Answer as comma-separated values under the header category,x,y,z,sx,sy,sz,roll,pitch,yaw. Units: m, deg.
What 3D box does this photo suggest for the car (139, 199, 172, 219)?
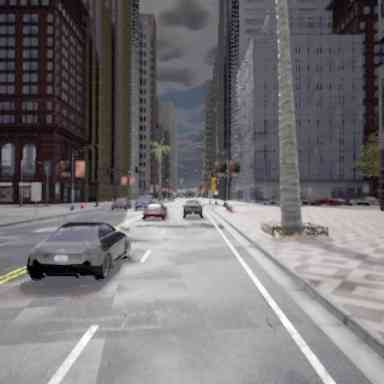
category,x,y,z,sx,sy,sz,roll,pitch,yaw
car,-3.158,1.626,29.365,1.994,1.385,4.181,0,0,0

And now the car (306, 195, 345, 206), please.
category,x,y,z,sx,sy,sz,roll,pitch,yaw
car,20.940,1.426,52.935,5.009,1.841,2.192,0,-1,-1

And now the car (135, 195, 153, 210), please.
category,x,y,z,sx,sy,sz,roll,pitch,yaw
car,-6.512,1.455,46.361,2.150,2.045,5.566,0,0,0

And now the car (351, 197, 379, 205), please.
category,x,y,z,sx,sy,sz,roll,pitch,yaw
car,32.086,1.649,61.634,4.097,1.590,1.967,0,-1,-1

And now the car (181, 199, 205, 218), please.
category,x,y,z,sx,sy,sz,roll,pitch,yaw
car,0.091,1.576,30.987,1.837,1.490,4.892,0,0,0

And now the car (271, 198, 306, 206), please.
category,x,y,z,sx,sy,sz,roll,pitch,yaw
car,15.302,1.712,52.842,4.206,1.307,1.802,0,-1,-1

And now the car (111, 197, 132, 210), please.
category,x,y,z,sx,sy,sz,roll,pitch,yaw
car,-9.762,1.546,46.420,2.097,1.767,4.553,0,0,0

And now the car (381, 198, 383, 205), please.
category,x,y,z,sx,sy,sz,roll,pitch,yaw
car,37.726,1.778,61.721,4.206,1.307,1.802,0,-1,-1

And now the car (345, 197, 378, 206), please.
category,x,y,z,sx,sy,sz,roll,pitch,yaw
car,26.578,1.661,53.021,4.313,1.339,1.947,0,-1,-1

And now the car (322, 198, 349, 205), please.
category,x,y,z,sx,sy,sz,roll,pitch,yaw
car,26.448,1.806,61.544,4.206,1.307,1.802,0,-1,-1

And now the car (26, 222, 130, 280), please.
category,x,y,z,sx,sy,sz,roll,pitch,yaw
car,-3.153,1.570,10.017,1.994,1.385,4.181,0,0,0

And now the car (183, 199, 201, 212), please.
category,x,y,z,sx,sy,sz,roll,pitch,yaw
car,0.039,1.627,41.139,2.128,1.511,4.902,0,0,1

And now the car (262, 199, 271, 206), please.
category,x,y,z,sx,sy,sz,roll,pitch,yaw
car,15.170,1.825,61.366,4.313,1.339,1.947,0,-1,-1

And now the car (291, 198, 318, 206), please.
category,x,y,z,sx,sy,sz,roll,pitch,yaw
car,20.810,1.806,61.455,4.313,1.339,1.947,0,-1,-1
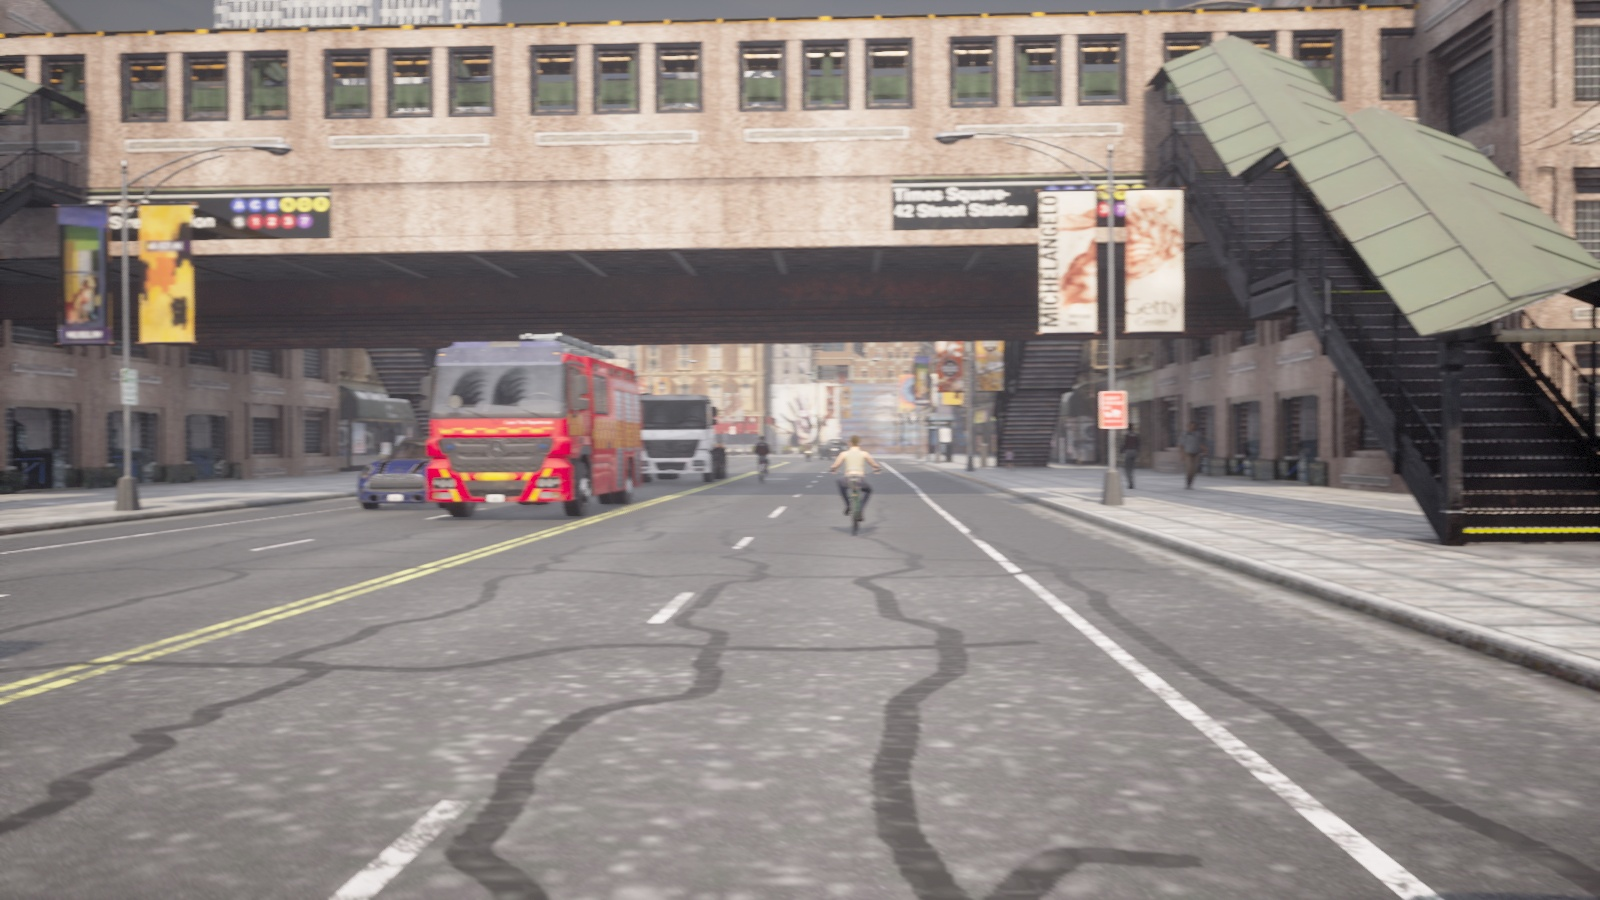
-*-*-
▶ [WHAT NEEDS TO BE DONE]
The entries are to be written out in full and exactly, apart from the pictures.

▶ [RESPONSE]
Answer as comma-separated values under the header category,x,y,z,sx,sy,sz,roll,pitch,yaw. Units: m, deg.
What 3D box does this photo suggest for the car (139, 199, 172, 219)?
category,x,y,z,sx,sy,sz,roll,pitch,yaw
car,-3.158,1.626,29.365,1.994,1.385,4.181,0,0,0

And now the car (306, 195, 345, 206), please.
category,x,y,z,sx,sy,sz,roll,pitch,yaw
car,20.940,1.426,52.935,5.009,1.841,2.192,0,-1,-1

And now the car (135, 195, 153, 210), please.
category,x,y,z,sx,sy,sz,roll,pitch,yaw
car,-6.512,1.455,46.361,2.150,2.045,5.566,0,0,0

And now the car (351, 197, 379, 205), please.
category,x,y,z,sx,sy,sz,roll,pitch,yaw
car,32.086,1.649,61.634,4.097,1.590,1.967,0,-1,-1

And now the car (181, 199, 205, 218), please.
category,x,y,z,sx,sy,sz,roll,pitch,yaw
car,0.091,1.576,30.987,1.837,1.490,4.892,0,0,0

And now the car (271, 198, 306, 206), please.
category,x,y,z,sx,sy,sz,roll,pitch,yaw
car,15.302,1.712,52.842,4.206,1.307,1.802,0,-1,-1

And now the car (111, 197, 132, 210), please.
category,x,y,z,sx,sy,sz,roll,pitch,yaw
car,-9.762,1.546,46.420,2.097,1.767,4.553,0,0,0

And now the car (381, 198, 383, 205), please.
category,x,y,z,sx,sy,sz,roll,pitch,yaw
car,37.726,1.778,61.721,4.206,1.307,1.802,0,-1,-1

And now the car (345, 197, 378, 206), please.
category,x,y,z,sx,sy,sz,roll,pitch,yaw
car,26.578,1.661,53.021,4.313,1.339,1.947,0,-1,-1

And now the car (322, 198, 349, 205), please.
category,x,y,z,sx,sy,sz,roll,pitch,yaw
car,26.448,1.806,61.544,4.206,1.307,1.802,0,-1,-1

And now the car (26, 222, 130, 280), please.
category,x,y,z,sx,sy,sz,roll,pitch,yaw
car,-3.153,1.570,10.017,1.994,1.385,4.181,0,0,0

And now the car (183, 199, 201, 212), please.
category,x,y,z,sx,sy,sz,roll,pitch,yaw
car,0.039,1.627,41.139,2.128,1.511,4.902,0,0,1

And now the car (262, 199, 271, 206), please.
category,x,y,z,sx,sy,sz,roll,pitch,yaw
car,15.170,1.825,61.366,4.313,1.339,1.947,0,-1,-1

And now the car (291, 198, 318, 206), please.
category,x,y,z,sx,sy,sz,roll,pitch,yaw
car,20.810,1.806,61.455,4.313,1.339,1.947,0,-1,-1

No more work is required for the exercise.